Molecularly targeted therapy for receptor tyrosine kinases (RTKs) has faced limitations in gastric and gastroesophageal junction (G/GEJ) cancer except for HER2-targeted agents, possibly due to inappropriate assay selection that has hindered identification of sensitive patients, in addition to coexisting genetic abnormalities as well as intratumoral heterogeneity. Immunohistochemistry of RTKs has, thus, proved largely unsuccessful for patient selection, and detection of RTK gene amplification as a true oncogenic driver is problematic given the small numbers of affected individuals. FGFR2 amplification is associated with poor prognosis in G/GEJ cancer, and immunohistochemistry of the FGFR2b protein isoform has proved effective for the detection of such FGFR2-dependent tumors. Phase III and Ib/III trials of the FGFR2-targeted antibody bemarituzumab for G/GEJ cancer overexpressing FGFR2b are ongoing based on the promising result in a phase II trial, especially in cases with an FGFR2b positivity of ≥ 10%. Challenges to EGFR- and MET-targeted therapies are being tackled with antibody–drug conjugates (ADCs) and bispecific antibodies. CLDN18.2 is expressed in some G/GEJ tumors but lacks oncogenic driver potential, and the CLDN18.2-targeted antibody zolbetuximab prolonged the survival of CLDN18.2-positive G/GEJ cancer patients in phase III trials. Antibody–drug conjugates and ADCs that target CLDN18.2 are also being pursued for treatment of such patients. Similarly, targeting of nondriver molecules such as DKK1, TROP2, and CEACAM5 is under investigation in early-stage clinical trials. This shift in focus from target molecules with driver potential to markers for precise drug delivery should increase the number of possible targets in G/GEJ cancer.
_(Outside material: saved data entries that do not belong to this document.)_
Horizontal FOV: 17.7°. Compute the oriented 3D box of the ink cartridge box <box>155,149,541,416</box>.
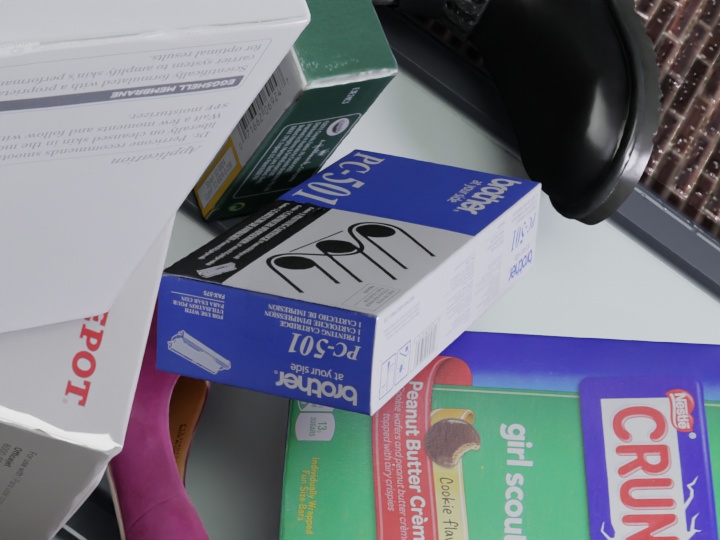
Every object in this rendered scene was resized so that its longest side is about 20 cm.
[{"bbox_3d":[0.000,0.000,0.967,0.094,0.044,0.200,11,20,20],"label":"ink cartridge box"}]

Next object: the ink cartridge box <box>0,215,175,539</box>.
[{"bbox_3d":[-0.189,0.007,0.891,0.200,0.145,0.147,20,57,-14],"label":"ink cartridge box"}]

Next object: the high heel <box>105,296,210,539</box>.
[{"bbox_3d":[-0.062,0.089,0.937,0.096,0.067,0.200,6,63,13],"label":"high heel"}]

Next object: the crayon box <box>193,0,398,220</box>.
[{"bbox_3d":[-0.060,-0.141,1.037,0.052,0.126,0.200,-12,71,-29],"label":"crayon box"}]

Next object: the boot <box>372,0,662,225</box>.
[{"bbox_3d":[0.050,-0.124,1.105,0.158,0.079,0.211,13,49,-26],"label":"boot"}]

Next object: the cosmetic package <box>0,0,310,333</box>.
[{"bbox_3d":[-0.134,-0.106,0.766,0.123,0.200,0.199,-9,67,-32],"label":"cosmetic package"}]

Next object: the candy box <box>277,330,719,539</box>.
[{"bbox_3d":[0.066,0.115,0.956,0.200,0.077,0.169,4,60,0],"label":"candy box"}]

除 HER2 靶向药物外，受体酪氨酸激酶 (RTK) 的分子靶向治疗在胃和胃食管交界处 (G/GEJ) 癌症中面临局限性，这可能是由于不适当的检测选择阻碍了敏感患者的识别，此外还有共存的遗传因素。异常以及瘤内异质性。因此，事实证明，RTK 的免疫组织化学对于患者选择来说在很大程度上是不成功的，并且考虑到受影响个体的数量较少，检测 RTK 基因扩增作为真正的致癌驱动因素是有问题的。FGFR2扩增与 G/GEJ 癌的不良预后相关，FGFR2b 蛋白亚型的免疫组织化学已证明可有效检测此类 FGFR2 依赖性肿瘤。 FGFR2 靶向抗体 bemarituzumab 用于治疗过度表达 FGFR2b 的 G/GEJ 癌的 III 期和 Ib/III 期试验正在进行中，基于 II 期试验的有希望的结果，特别是在 FGFR2b 阳性≥ 10% 的病例中。 EGFR 和 MET 靶向治疗面临的挑战正在通过抗体药物偶联物 (ADC) 和双特异性抗体来解决。 CLDN18.2在一些G/GEJ肿瘤中表达，但缺乏致癌驱动潜力，并且CLDN18.2靶向抗体zolbetuximab在III期试验中延长了CLDN18.2阳性G/GEJ癌症患者的生存期。靶向 CLDN18.2 的抗体药物偶联物和 ADC 也正在被用于治疗此类患者。同样，针对 DKK1、TROP2 和 CEACAM5 等非驱动分子的靶向治疗正在早期临床试验中进行研究。这种焦点从具有驱动潜力的目标分子转向用于精确药物递送的标记物应该会增加 G/GEJ 癌症中可能目标的数量。